Berkunjung ke KJRI Jeddah, Menaker Berdialog Bersama PMI
Berita Baru, Jakarta – Menteri Ketenagakerjaan Ida Fauziyah melakukan kunjungan kerja “Sixth Abu Dhabi Dialogue – Ministerial Consultation” (ADD) di Dubai.
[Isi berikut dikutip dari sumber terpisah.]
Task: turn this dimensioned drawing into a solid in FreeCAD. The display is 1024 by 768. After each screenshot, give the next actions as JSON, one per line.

Disela kunjungannya tersebut, ia menyempatkan untuk berkunjung ke Konsulat Jenderal RI (KJRI) Jeddah, Arab Saudi.
Di KJRI Jeddah, Menaker berdialog dengan kalangan Pekerja Migran Indonesia (PMI) di wilayah akreditas KJRI Jeddah pada Kamis (28/10) lalu.
Konsul Jenderal RI Jeddah, Eko Hartono menyampaikan bahwa selain dalam rangka bersilaturahmi dengan masyarakat, tujuan utama pertemuan Menaker RI di Gedung Pelayanan Terpadu KJRI Jeddah adalah untuk berbagi informasi hasil pertemuan Menaker dengan para pejabat tinggi dalam pertemuan ADD di Dubai, khususnya dengan Menteri SDM dan Pembangunan Sosial Arab Saudi terkait penempatan pekerja migran asal Indonesia.
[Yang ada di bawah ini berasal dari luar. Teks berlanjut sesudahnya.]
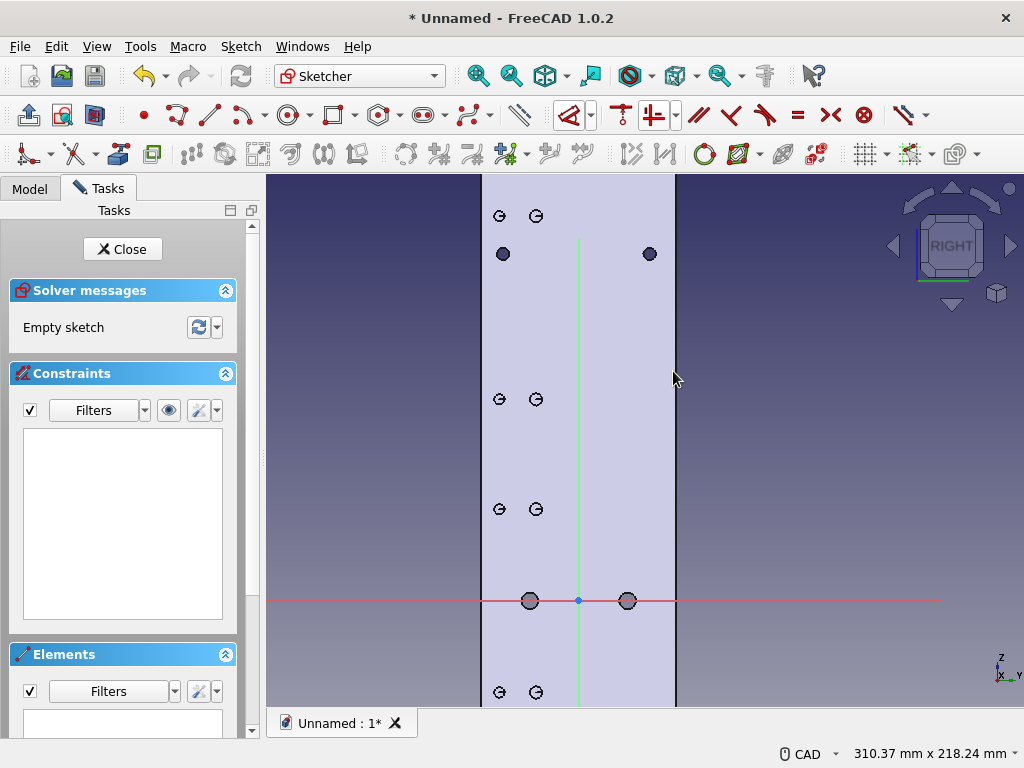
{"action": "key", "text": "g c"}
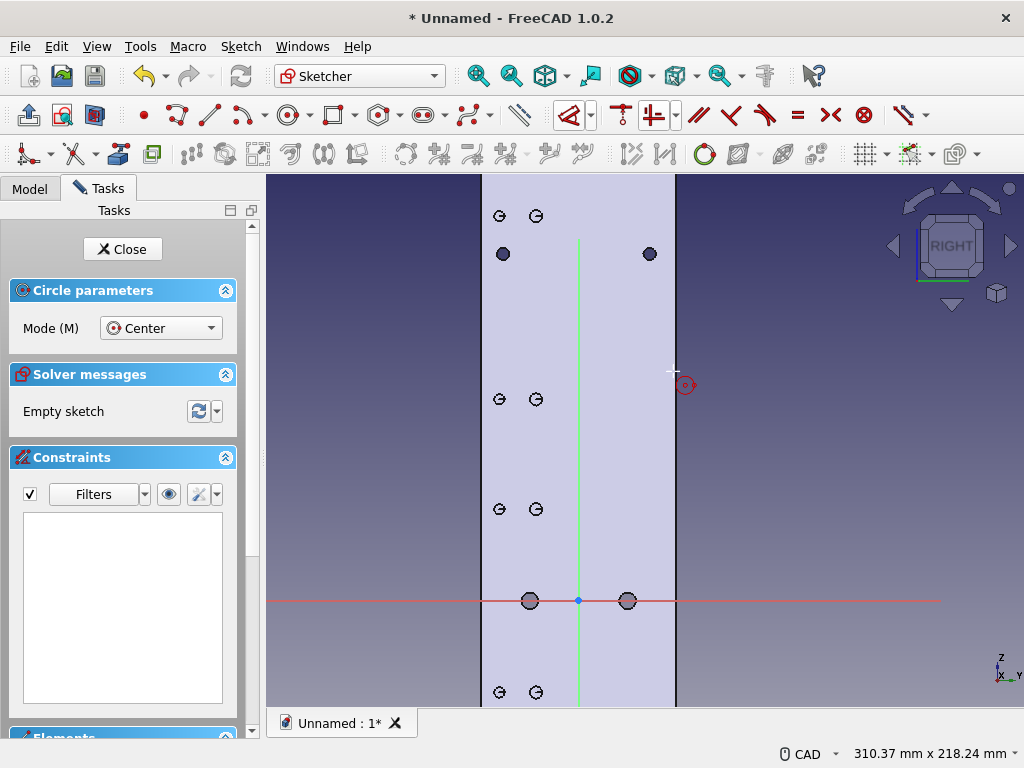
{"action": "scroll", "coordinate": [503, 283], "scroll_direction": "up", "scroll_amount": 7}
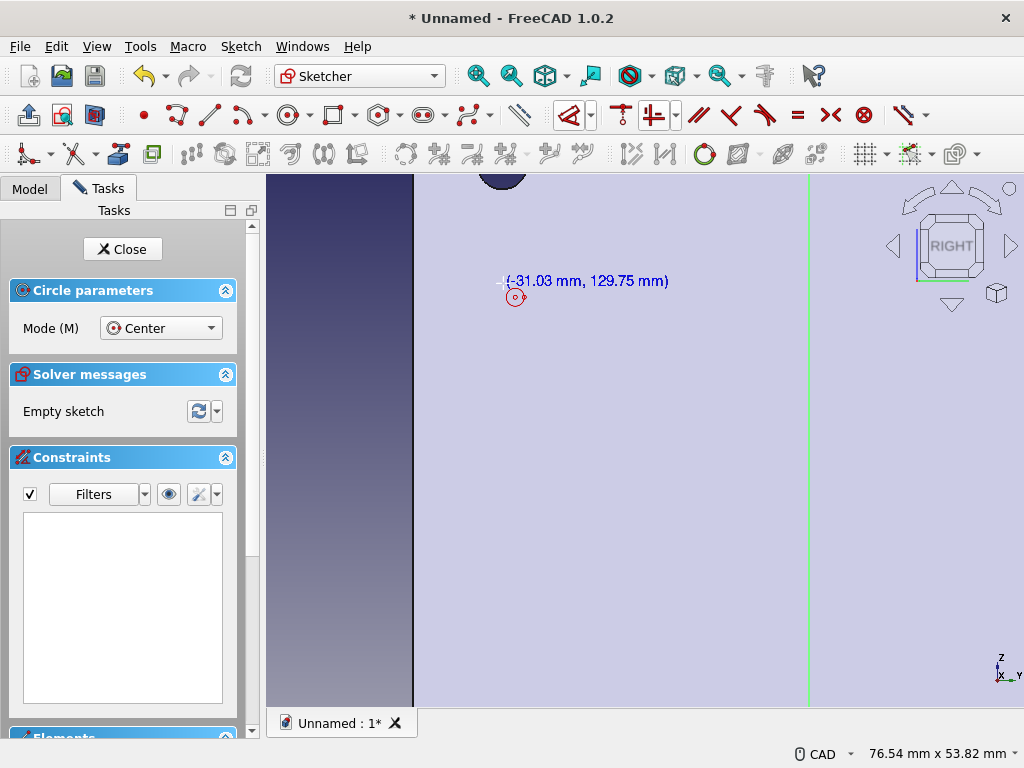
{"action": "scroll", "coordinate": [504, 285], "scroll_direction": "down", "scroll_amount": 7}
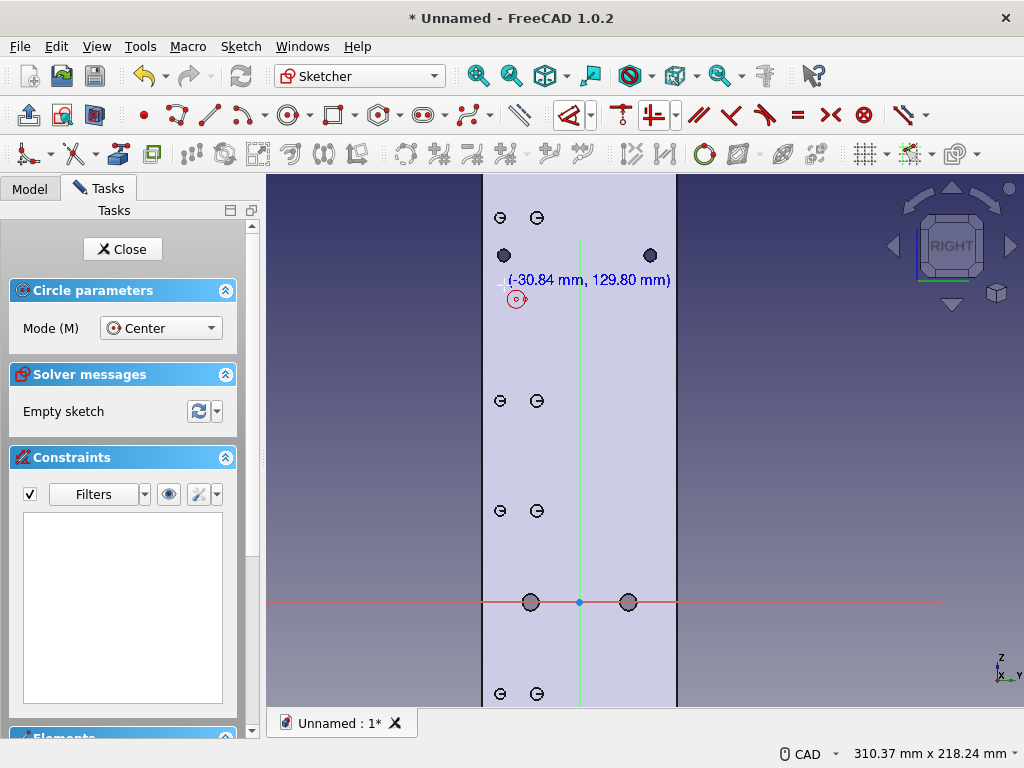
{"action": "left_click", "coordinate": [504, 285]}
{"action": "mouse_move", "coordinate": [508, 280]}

“Kira-kira ke depan seperti apa pola penempatan PMI kita di Arab Saudi, tantangan apa yang kita hadapi,” ujar Konjen Eko, dalam keterangan di situs Kemenlu RI, Jumat, 29 Oktober 2021.
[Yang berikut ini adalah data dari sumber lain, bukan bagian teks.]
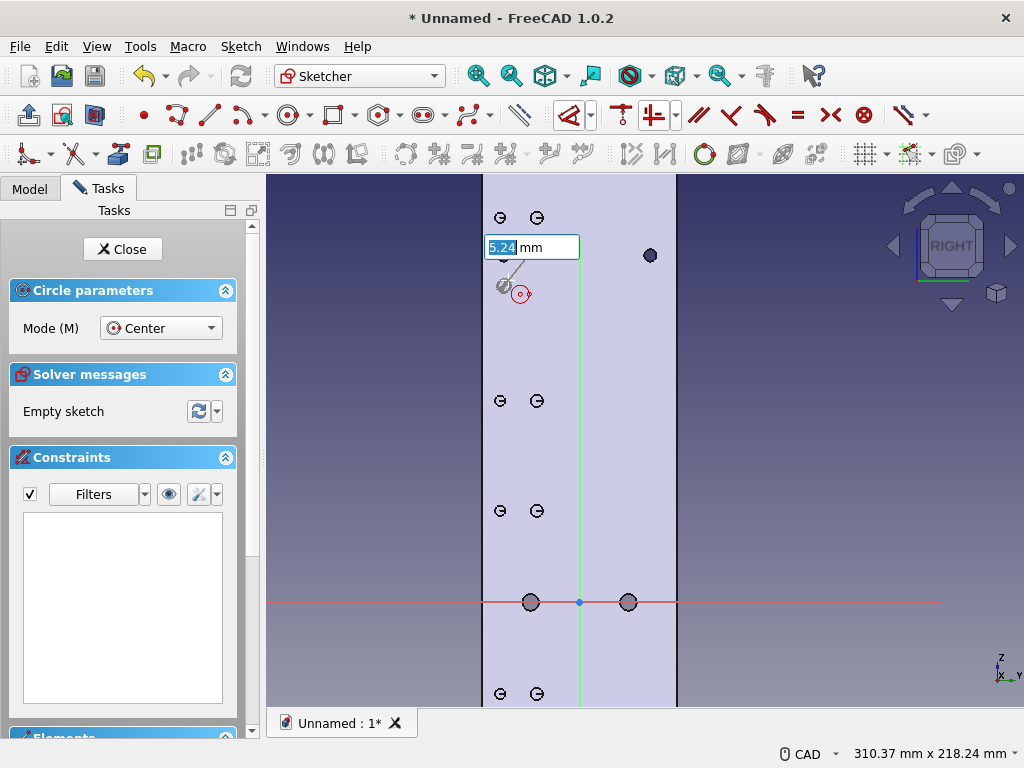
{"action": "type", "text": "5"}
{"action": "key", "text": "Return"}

Dalam kesempatan tersebut, Menaker Ida Fauziyah menyampaikan bahwa ADD yang dihadirinya membahas isu pelindungan bagi pekerja migran. Pertemuan ini, sambung Menaker, tidak hanya diinisiasi negara-negara pengirim, tetapi juga penerima.
“Jadi komitmen perlindungan itu tidak bisa hanya bertepuk sebelah tangan. Yang mengirim ngotot memberikan perlindungan, yang menerima abai terhadap perlindungan. Ini namanya bertepuk sebelah tangan,” ucap Menaker.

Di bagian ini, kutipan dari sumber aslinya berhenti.